## Goal of the exercise:
Every line in the following data that has "degrees" counts toward the total; state that total alone.

## Data in this exercise:
┌──

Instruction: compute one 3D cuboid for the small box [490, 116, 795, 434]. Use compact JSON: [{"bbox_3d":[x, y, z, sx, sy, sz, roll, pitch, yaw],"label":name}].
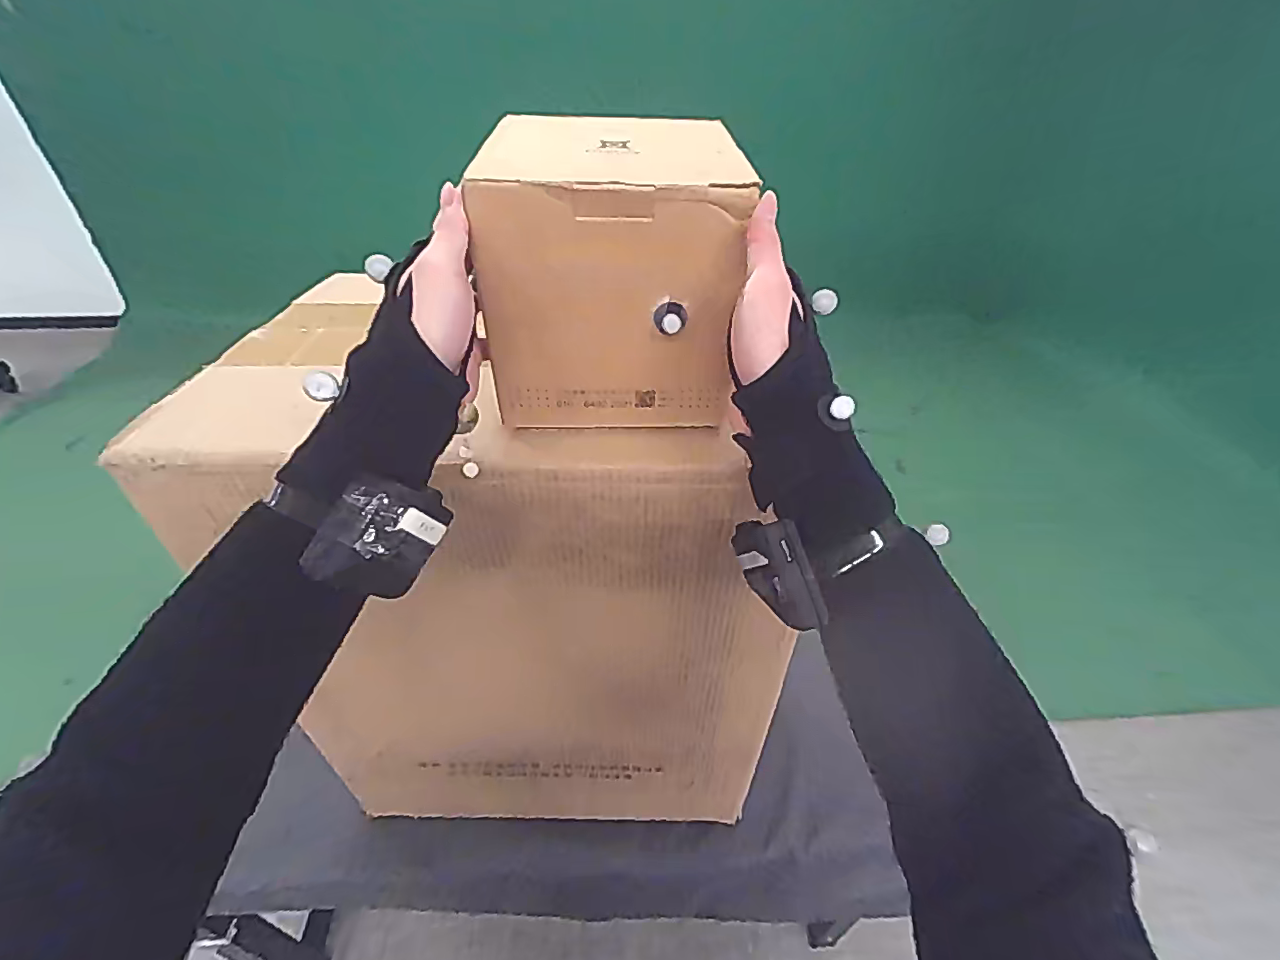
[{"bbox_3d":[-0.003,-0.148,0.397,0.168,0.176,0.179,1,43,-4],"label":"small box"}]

└──
┌──

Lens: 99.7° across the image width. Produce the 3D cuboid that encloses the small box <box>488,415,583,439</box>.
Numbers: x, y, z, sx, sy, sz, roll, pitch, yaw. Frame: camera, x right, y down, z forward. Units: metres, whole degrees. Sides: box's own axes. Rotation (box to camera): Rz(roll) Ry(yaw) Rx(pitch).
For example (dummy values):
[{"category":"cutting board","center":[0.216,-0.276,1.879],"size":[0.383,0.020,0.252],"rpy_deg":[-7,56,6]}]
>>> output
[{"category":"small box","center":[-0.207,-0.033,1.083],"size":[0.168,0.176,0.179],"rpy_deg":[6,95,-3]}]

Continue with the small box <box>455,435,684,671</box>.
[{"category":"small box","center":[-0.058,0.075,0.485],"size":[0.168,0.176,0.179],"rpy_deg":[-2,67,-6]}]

└──
┌──

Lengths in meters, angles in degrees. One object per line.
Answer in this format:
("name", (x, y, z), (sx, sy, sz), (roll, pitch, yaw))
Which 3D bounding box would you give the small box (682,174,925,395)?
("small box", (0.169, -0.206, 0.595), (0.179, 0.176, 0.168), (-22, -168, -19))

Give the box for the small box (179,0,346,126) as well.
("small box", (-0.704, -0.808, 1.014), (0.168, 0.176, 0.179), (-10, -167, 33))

└──

## Reply to the exercise:
2